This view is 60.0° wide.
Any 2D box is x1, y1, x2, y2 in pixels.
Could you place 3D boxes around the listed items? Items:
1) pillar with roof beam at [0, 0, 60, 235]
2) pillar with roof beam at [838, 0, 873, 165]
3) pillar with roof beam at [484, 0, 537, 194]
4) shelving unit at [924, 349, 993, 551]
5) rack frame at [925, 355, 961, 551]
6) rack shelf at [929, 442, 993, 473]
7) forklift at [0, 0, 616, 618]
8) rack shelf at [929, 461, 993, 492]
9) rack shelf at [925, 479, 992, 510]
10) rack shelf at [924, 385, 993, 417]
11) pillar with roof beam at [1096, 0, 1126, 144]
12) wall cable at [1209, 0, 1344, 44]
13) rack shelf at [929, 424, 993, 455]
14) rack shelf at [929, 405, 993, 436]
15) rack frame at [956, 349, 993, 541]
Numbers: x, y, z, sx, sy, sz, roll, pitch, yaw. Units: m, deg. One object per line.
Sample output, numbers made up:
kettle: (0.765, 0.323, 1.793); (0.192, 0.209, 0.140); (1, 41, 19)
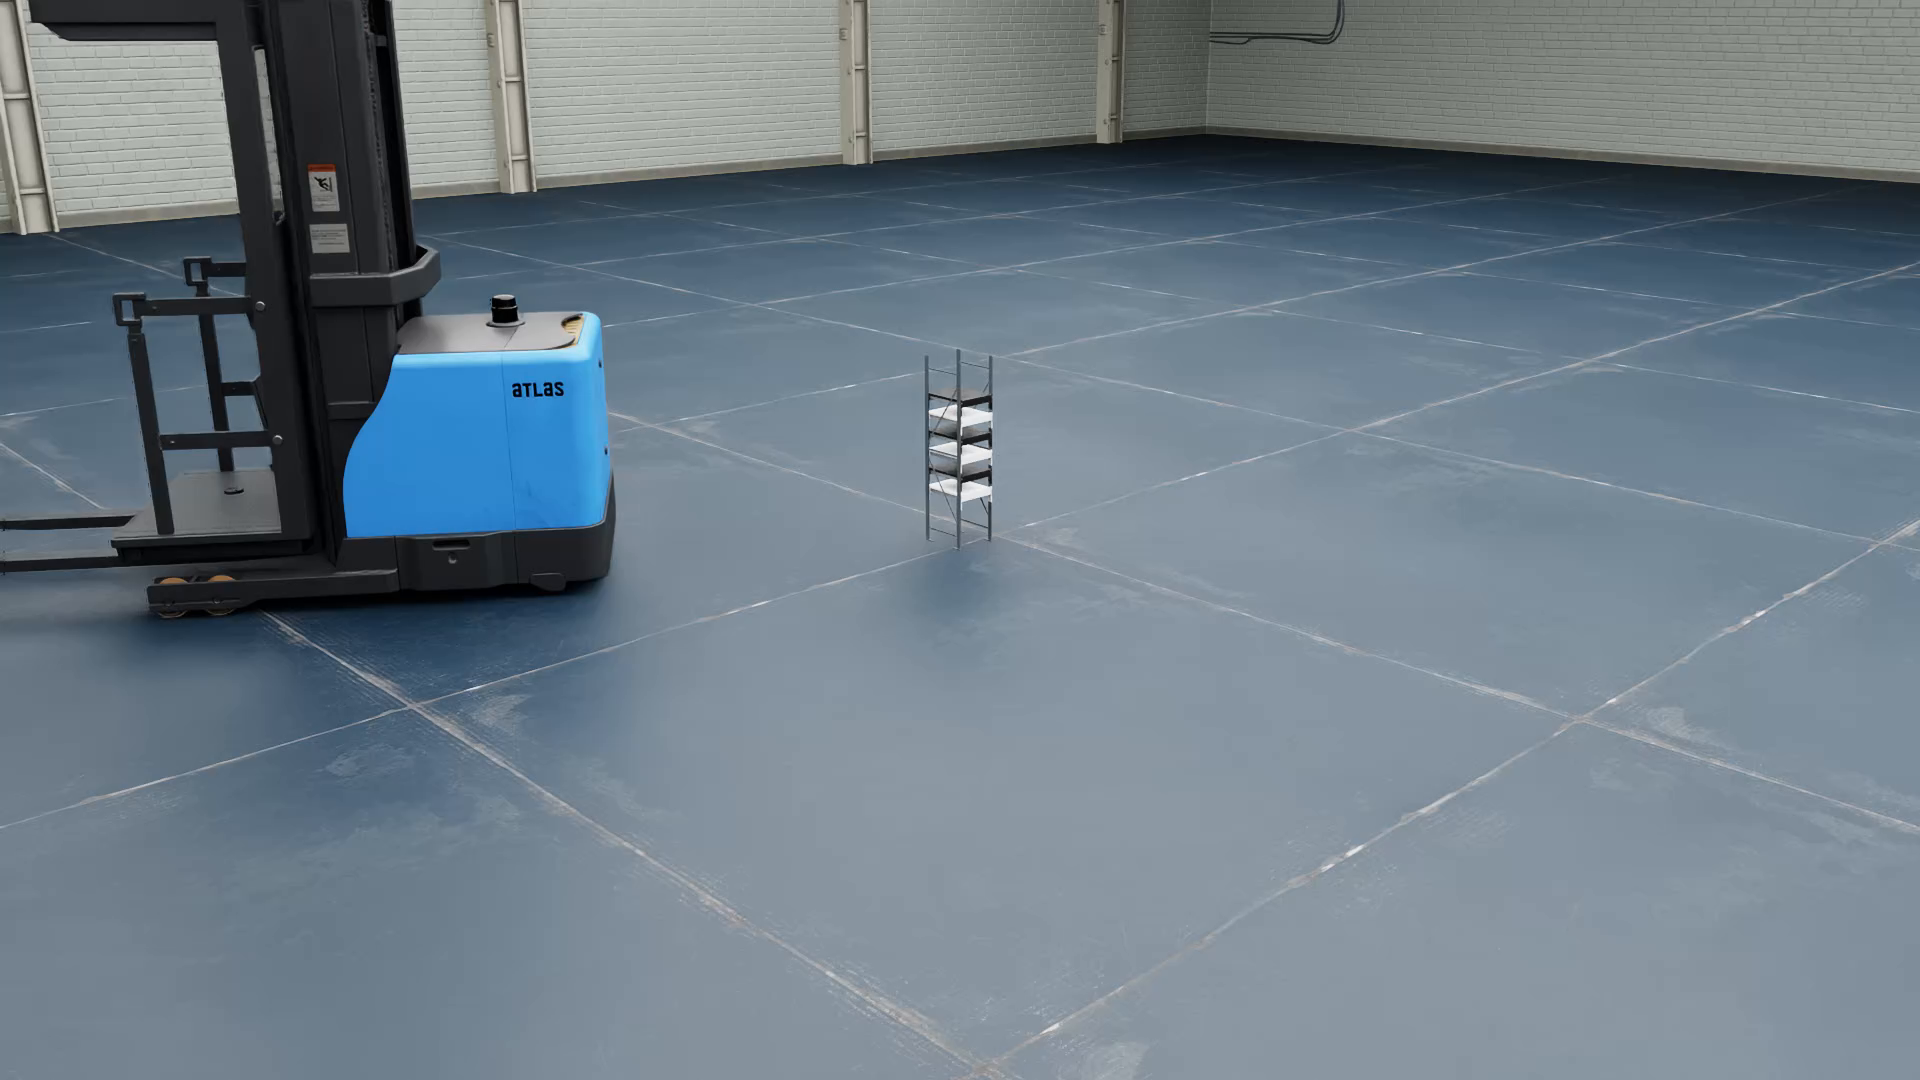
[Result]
pillar with roof beam: (-7.396, -6.772, 14.282); (0.400, 9.000, 9.100); (-16, 24, -41)
pillar with roof beam: (1.323, -9.315, 22.124); (0.400, 9.000, 9.100); (-16, 24, -41)
pillar with roof beam: (-3.037, -8.044, 18.203); (0.400, 9.000, 9.100); (-16, 24, -41)
shelving unit: (-0.006, -0.426, 7.841); (0.210, 0.900, 0.258); (-16, 24, -41)
rack frame: (-0.080, -0.405, 7.774); (0.006, 0.900, 0.240); (-16, 24, -41)
rack shelf: (-0.006, -0.395, 7.851); (0.200, 0.077, 0.258); (-16, 24, -41)
forklift: (-3.108, -1.242, 7.062); (3.031, 2.935, 1.130); (-3, 18, -9)
rack shelf: (-0.006, -0.309, 7.879); (0.200, 0.077, 0.258); (-16, 24, -41)
rack shelf: (-0.006, -0.223, 7.906); (0.200, 0.077, 0.258); (-16, 24, -41)
rack shelf: (-0.006, -0.651, 7.768); (0.200, 0.077, 0.258); (-16, 24, -41)
pillar with roof beam: (5.683, -10.586, 26.046); (0.400, 9.000, 9.100); (-16, 24, -41)
wall cable: (5.774, -10.402, 30.511); (0.112, 2.526, 3.097); (-16, 24, -41)
rack shelf: (-0.006, -0.480, 7.823); (0.200, 0.077, 0.258); (-16, 24, -41)
rack shelf: (-0.006, -0.566, 7.795); (0.200, 0.077, 0.258); (-16, 24, -41)
rack frame: (0.068, -0.448, 7.907); (0.006, 0.900, 0.240); (-16, 24, -41)

○ ○ ○ ○ ○

- _EXERCISE BRIEF_: Starting at the line that holds "12) wall cable at [1209, 0, 1344, 44]" and ending at the last line of the material above, repeat each line exactly, both ends included, and leave the pictures out.

- _EXERCISE RESPONSE_:
12) wall cable at [1209, 0, 1344, 44]
13) rack shelf at [929, 424, 993, 455]
14) rack shelf at [929, 405, 993, 436]
15) rack frame at [956, 349, 993, 541]
Numbers: x, y, z, sx, sy, sz, roll, pitch, yaw. Units: m, deg. One object per line.
Sample output, numbers made up:
kettle: (0.765, 0.323, 1.793); (0.192, 0.209, 0.140); (1, 41, 19)
[Result]
pillar with roof beam: (-7.396, -6.772, 14.282); (0.400, 9.000, 9.100); (-16, 24, -41)
pillar with roof beam: (1.323, -9.315, 22.124); (0.400, 9.000, 9.100); (-16, 24, -41)
pillar with roof beam: (-3.037, -8.044, 18.203); (0.400, 9.000, 9.100); (-16, 24, -41)
shelving unit: (-0.006, -0.426, 7.841); (0.210, 0.900, 0.258); (-16, 24, -41)
rack frame: (-0.080, -0.405, 7.774); (0.006, 0.900, 0.240); (-16, 24, -41)
rack shelf: (-0.006, -0.395, 7.851); (0.200, 0.077, 0.258); (-16, 24, -41)
forklift: (-3.108, -1.242, 7.062); (3.031, 2.935, 1.130); (-3, 18, -9)
rack shelf: (-0.006, -0.309, 7.879); (0.200, 0.077, 0.258); (-16, 24, -41)
rack shelf: (-0.006, -0.223, 7.906); (0.200, 0.077, 0.258); (-16, 24, -41)
rack shelf: (-0.006, -0.651, 7.768); (0.200, 0.077, 0.258); (-16, 24, -41)
pillar with roof beam: (5.683, -10.586, 26.046); (0.400, 9.000, 9.100); (-16, 24, -41)
wall cable: (5.774, -10.402, 30.511); (0.112, 2.526, 3.097); (-16, 24, -41)
rack shelf: (-0.006, -0.480, 7.823); (0.200, 0.077, 0.258); (-16, 24, -41)
rack shelf: (-0.006, -0.566, 7.795); (0.200, 0.077, 0.258); (-16, 24, -41)
rack frame: (0.068, -0.448, 7.907); (0.006, 0.900, 0.240); (-16, 24, -41)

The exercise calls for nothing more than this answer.